→ TASK DESCRIPTION
Skip every picture and copy only the lines from the one containing "OpenCV camera frame" to the final line of the records below.

Data excerpts:
§ §

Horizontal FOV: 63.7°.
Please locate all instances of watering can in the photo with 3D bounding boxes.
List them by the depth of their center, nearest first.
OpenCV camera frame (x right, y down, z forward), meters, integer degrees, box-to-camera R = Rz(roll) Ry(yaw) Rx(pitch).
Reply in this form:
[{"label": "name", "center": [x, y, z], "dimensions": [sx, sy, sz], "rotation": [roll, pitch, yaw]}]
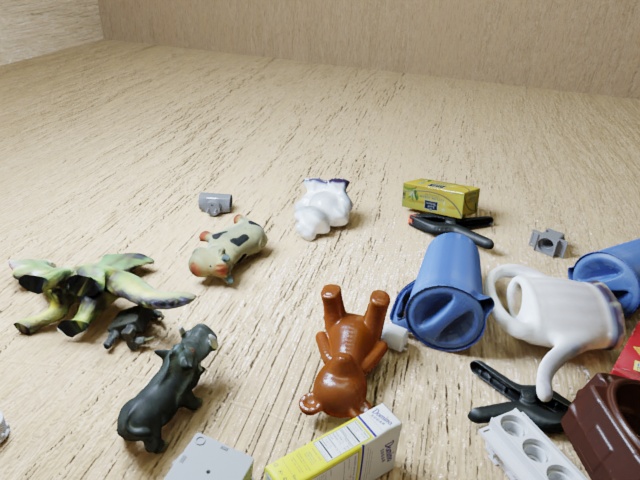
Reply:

§ §

→ TASK OUTPUT
OpenCV camera frame (x right, y down, z forward), meters, integer degrees, box-to-camera R = Rz(roll) Ry(yaw) Rx(pitch).
Reply in this form:
[{"label": "name", "center": [x, y, z], "dimensions": [sx, sy, sz], "rotation": [roll, pitch, yaw]}]
Reply:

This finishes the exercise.